I just gave this task to my sister and she reacted rather interestingly. She counted with the right hand for the bottom row, then used the mouse cursor for the second to last row, then started counting on her fingers for the top row, and stopped altogether on the last (middle) rows. All the while she only used a pointing mechanism to keep track of the row, but not the individual stars in each row.

Thanks for this post. This is my first time making a comment here, but I do read fairly regularly.

I am a graduate student in Biomedical Engineering. I work mostly with MRI and fMRI for imaging brain function. I have some psychology background, but not a whole lot.

I am also an improviser. I teach and perform improv comedy and I have been doing so for eight years now.

This article inspired me to write an article of my own on my new improv and sketch comedy blog, FuseBox Theatre, about a common phenomenon in improvised theatre: the "talking heads" problem.
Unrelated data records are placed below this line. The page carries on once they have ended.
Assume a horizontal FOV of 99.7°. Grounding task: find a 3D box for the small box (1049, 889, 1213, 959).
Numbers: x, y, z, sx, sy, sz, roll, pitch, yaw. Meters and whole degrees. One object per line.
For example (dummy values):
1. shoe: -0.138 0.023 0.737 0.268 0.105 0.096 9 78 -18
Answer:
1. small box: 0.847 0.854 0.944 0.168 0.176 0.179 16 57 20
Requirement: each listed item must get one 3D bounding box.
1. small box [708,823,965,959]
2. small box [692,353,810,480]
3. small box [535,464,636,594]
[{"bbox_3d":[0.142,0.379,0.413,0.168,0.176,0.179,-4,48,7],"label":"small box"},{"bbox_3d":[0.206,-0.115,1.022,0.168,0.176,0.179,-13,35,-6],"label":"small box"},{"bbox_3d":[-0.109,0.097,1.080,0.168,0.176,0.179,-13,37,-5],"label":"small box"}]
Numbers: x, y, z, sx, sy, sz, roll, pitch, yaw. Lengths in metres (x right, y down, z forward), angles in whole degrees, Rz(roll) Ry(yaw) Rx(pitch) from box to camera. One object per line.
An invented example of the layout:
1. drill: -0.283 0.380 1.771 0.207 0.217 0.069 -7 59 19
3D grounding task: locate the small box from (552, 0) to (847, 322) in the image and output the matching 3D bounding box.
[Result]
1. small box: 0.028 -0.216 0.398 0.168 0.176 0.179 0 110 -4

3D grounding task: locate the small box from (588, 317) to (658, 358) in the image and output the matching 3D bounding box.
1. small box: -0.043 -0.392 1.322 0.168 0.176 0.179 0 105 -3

Often times beginning improvisers will simply stand on stage and talk, describing the circumstances of their scene rather than truly engaging it. Experienced improvisers tend not to do this, and are generally much more physically active in their scenes. They talk less and do more.

The mention of how when the subjects in this article were not allowed to move they talked more got me thinking about this problem.

If anyone is interested, you can read my article on fuseboxtheatre.com here.

The site is still relatively new, but we will be adding content regularly if anyone is interested in improvisation and/or the science there-of!

Thanks, and keep up the great work on your site!